Gage described herself as "born with a hatred of oppression."

===Women's suffrage===
Even though she was beset by both financial and physical (cardiac) problems throughout her life, her work for women's rights was extensive, practical, and often brilliantly executed. Gage was considered to be more radical than either Susan B. Anthony or Elizabeth Cady Stanton (with whom she wrote History of Woman Suffrage, and Declaration of the Rights of Women).

She served as president of the National Woman Suffrage Association (NWSA) from 1875 to 1876 and served as either Chair of the Executive Committee or Vice President for over twenty years. During the 1876 convention, she successfully argued against a group of police who claimed the association was holding an illegal assembly; they left without pressing charges. She was a delegate from the NWSA to the 1880 Republican National Convention, the 1880 Democratic National Convention and that of the Greenback Party. Gage also served as president of the New York State Suffrage Association for five years.

As a result of the campaigning of the New York State Woman Suffrage Association under Gage, the state allowed women to elect members of the school boards. Gage ensured that every woman in her area (Fayetteville, New York) had the opportunity to vote, by writing letters making them aware of their rights, and sitting at the polls making sure nobody was turned away. In 1871, Gage was part of a group of 10 women who attempted to vote.

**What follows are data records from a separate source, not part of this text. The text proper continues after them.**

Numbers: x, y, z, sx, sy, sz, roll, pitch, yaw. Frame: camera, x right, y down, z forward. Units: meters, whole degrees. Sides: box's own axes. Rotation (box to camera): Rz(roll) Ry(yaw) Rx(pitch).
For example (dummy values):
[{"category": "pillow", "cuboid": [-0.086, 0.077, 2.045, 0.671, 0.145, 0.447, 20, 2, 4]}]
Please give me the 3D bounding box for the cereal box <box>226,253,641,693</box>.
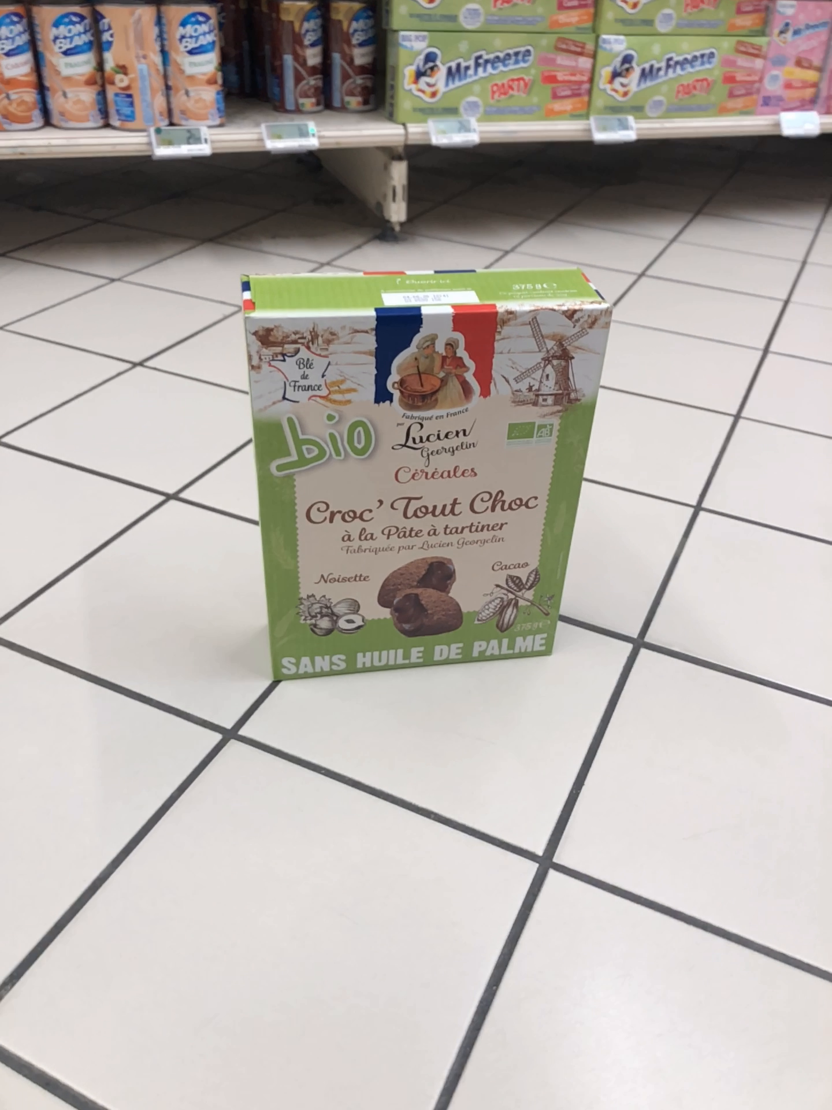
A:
[{"category": "cereal box", "cuboid": [0.001, -0.043, 0.534, 0.200, 0.238, 0.080, -3, 34, -9]}]
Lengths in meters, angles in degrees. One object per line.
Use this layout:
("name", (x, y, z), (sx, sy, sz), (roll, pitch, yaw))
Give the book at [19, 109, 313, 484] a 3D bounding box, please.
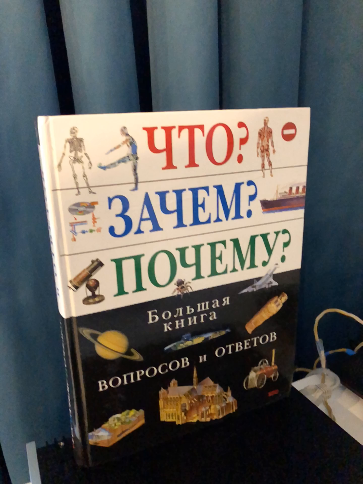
("book", (0.001, 0.045, 0.351), (0.224, 0.301, 0.042), (-9, 19, -22))

Reportedly, she stood by and argued with the polling officials on behalf of each individual woman. She supported Victoria Woodhull and (later) Ulysses S. Grant in the 1872 presidential election. In 1873 she defended Susan B. Anthony when Anthony was placed on trial for having voted in that election, making compelling legal and moral arguments. In 1884, Gage was an Elector-at-Large for Belva Lockwood and the Equal Rights Party.

Gage unsuccessfully tried to prevent the conservative takeover of the women's suffrage movement. Susan B. Anthony, who had helped to found the NWSA, was primarily concerned with gaining the vote, an outlook which Gage found too narrow. Conservative suffragists were drawn into the movement believing that women's vote would achieve temperance (the banning of alcohol) and Christian political goals, but not supporting more general social reform. This conservative wing of the movement was represented by the American Woman Suffrage Association (AWSA). The merger of the two organizations, pushed through by Lucy Stone, Alice Stone Blackwell and Anthony, produced the National American Woman Suffrage Association (NAWSA) in 1890.

Stanton and Gage maintained their radical positions and opposed this merger, because they believed it was a threat to separation of church and state. That year, Gage established the Woman's National Liberal Union (WNLU), of which she was president until her death in 1898, and editor of its official journal, The Liberal Thinker; the other initial officers were Josephine Cables Aldrich, vice-president; Mary Emily Bates Coues, secretary; and William F. Aldrich, treasurer. The WNLU became the platform for radical and liberal ideas of the time.

=== Religion ===

Along with Stanton, she was a vocal critic of the Christian Church, which put her at odds with conservative suffragists such as Frances Willard and the Woman's Christian Temperance Union. Rather than arguing that women deserved the vote because their feminine morality would then properly influence legislation (as the WCTU did), she argued that they deserved suffrage as a 'natural right'. Despite her opposition to the Church, Gage was in her own way deeply religious, and she joined Stanton's Revising Committee to write The Woman's Bible.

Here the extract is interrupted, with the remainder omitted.